Kapitalizmin yasallığıdır: ne zaman savaşlar başlarsa bir yerlerde de şampanyalar patlatılır. Yasallık Ukrayna savaşıyla bir kez daha kanıtlandı – Alman Şansölyesi Scholz’un özel silahlanma fonu için 100 milyar Euro’luk bütçe hazırlandığını ve savunma (!) giderlerinin yurtiçi GSMH’nın yüzde ikisine çıkartılacağını açıklamasının hemen ardından Alman silah tekellerinin hisse senetleri rekor seviyelere çıkarak pahalanandılar. Örneğin Almanya’nın en büyük silah tekeli olan Rheinmetall’in hisseleri yüzde 50 değer kazanırken, dördüncü büyük tekel olan ve hava savunma sistemleri üreten Hensoldt’un hisseleri neredeyse yüzde yüz arttı. Artış dalgasından sadece Alman tekelleri değil, diğer Avrupalı silah tekelleri de faydalanıyor. Burjuva medyasının ekonomi sayfaları neredeyse bütün Avrupalı silah üreticilerinin şirket merkezlerinde “olağanüstü kâr beklentilerinin” yarattığı sevinç haberleriyle dolu.

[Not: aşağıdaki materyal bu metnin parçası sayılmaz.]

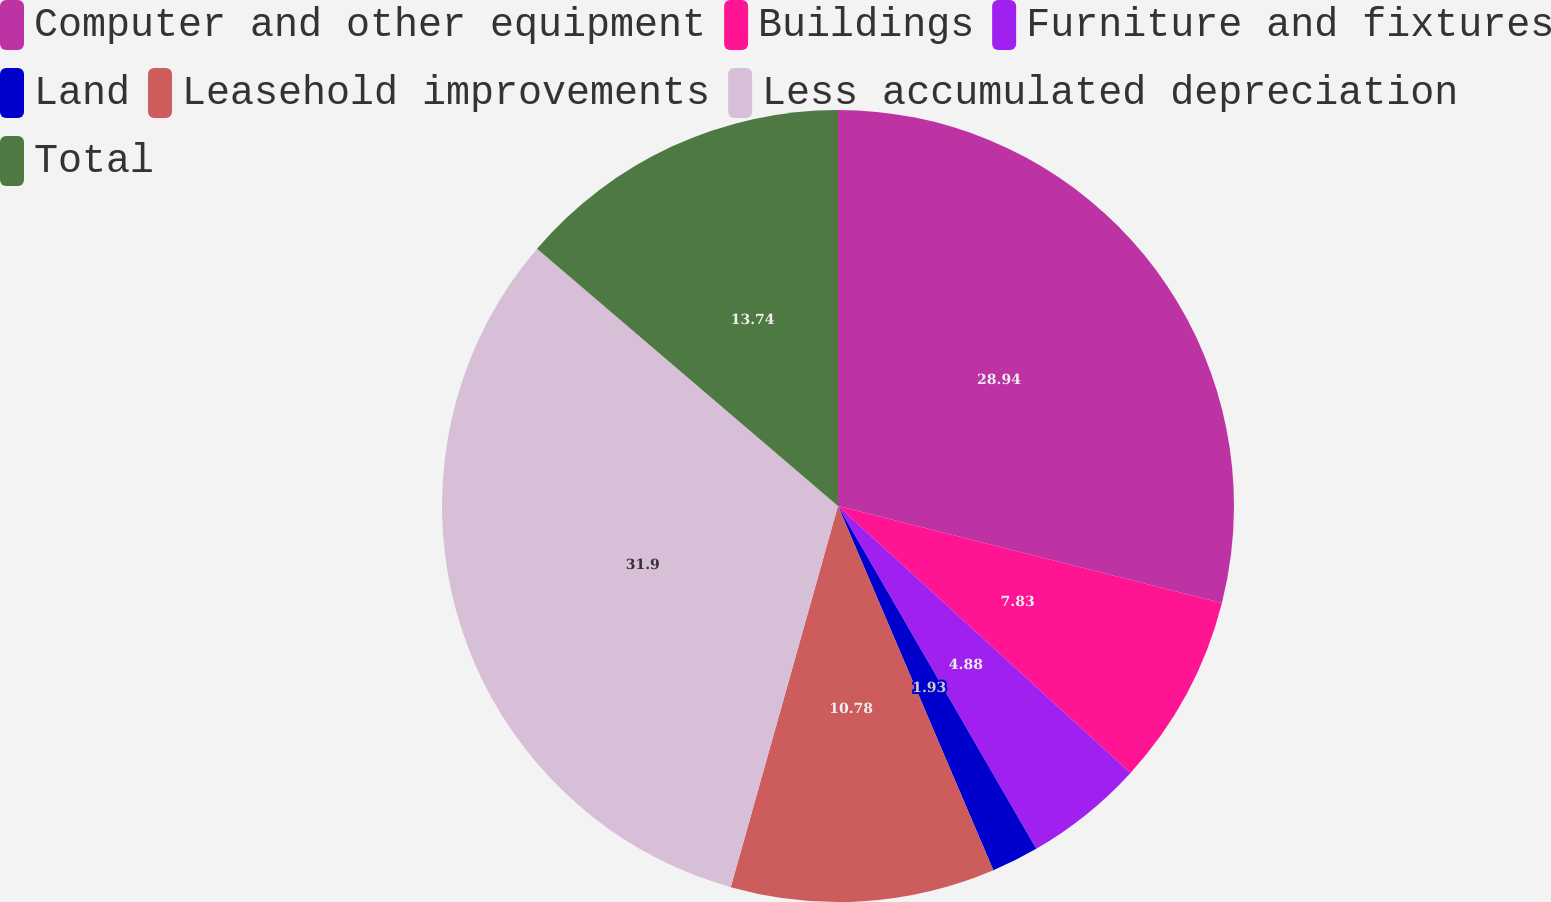Convert chart. <chart><loc_0><loc_0><loc_500><loc_500><pie_chart><fcel>Computer and other equipment<fcel>Buildings<fcel>Furniture and fixtures<fcel>Land<fcel>Leasehold improvements<fcel>Less accumulated depreciation<fcel>Total<nl><fcel>28.94%<fcel>7.83%<fcel>4.88%<fcel>1.93%<fcel>10.78%<fcel>31.89%<fcel>13.74%<nl></chart> 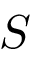Convert formula to latex. <formula><loc_0><loc_0><loc_500><loc_500>S</formula> 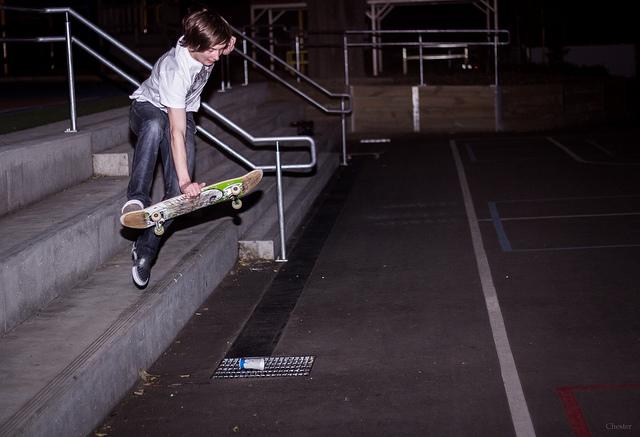The boy can easily trip?
Short answer required. Yes. Is it day time?
Concise answer only. No. Can this Boy Trip on the grate?
Concise answer only. Yes.

Scholz hükümeti bütçeleri artırmanın yanı sıra, silah alma prosedürlerini de kolaylaştıracağını açıkladı. Buna göre her alanda satın almalar hızlandırılarak kontrol mekanizmaları devre dışı bırakılacak. Sahiden de bu gelişme, FDP’li Federal Maliye Bakanı Lindner’in dediği gibi, “Federal devlet tarihinin en büyük ve en hızlı bütçe artışı” olacak. Ancak bu artış sadece Alman emperyalizminin strateji değişikliği anlamına gelmiyor, aynı zamanda Almanya askeri-sınai kompleksinin devlet politikaları üzerindeki etkisinin ve belirleyiciliğinin artacağına işaret ediyor. İhtilaflı bölgelere silah satışını yasaklayan yönergenin iptal edilmesi ve Ukrayna’ya “ölümcül silahlar” gönderilmesi bunu kanıtlıyor. O açıdan Alman devletinin iktisadi ve siyasi koordinatlarını militarist çizgiye teslim eden bu strateji değişikliğini askeri-sınai kompleksin zaferi olarak nitelendirebiliriz.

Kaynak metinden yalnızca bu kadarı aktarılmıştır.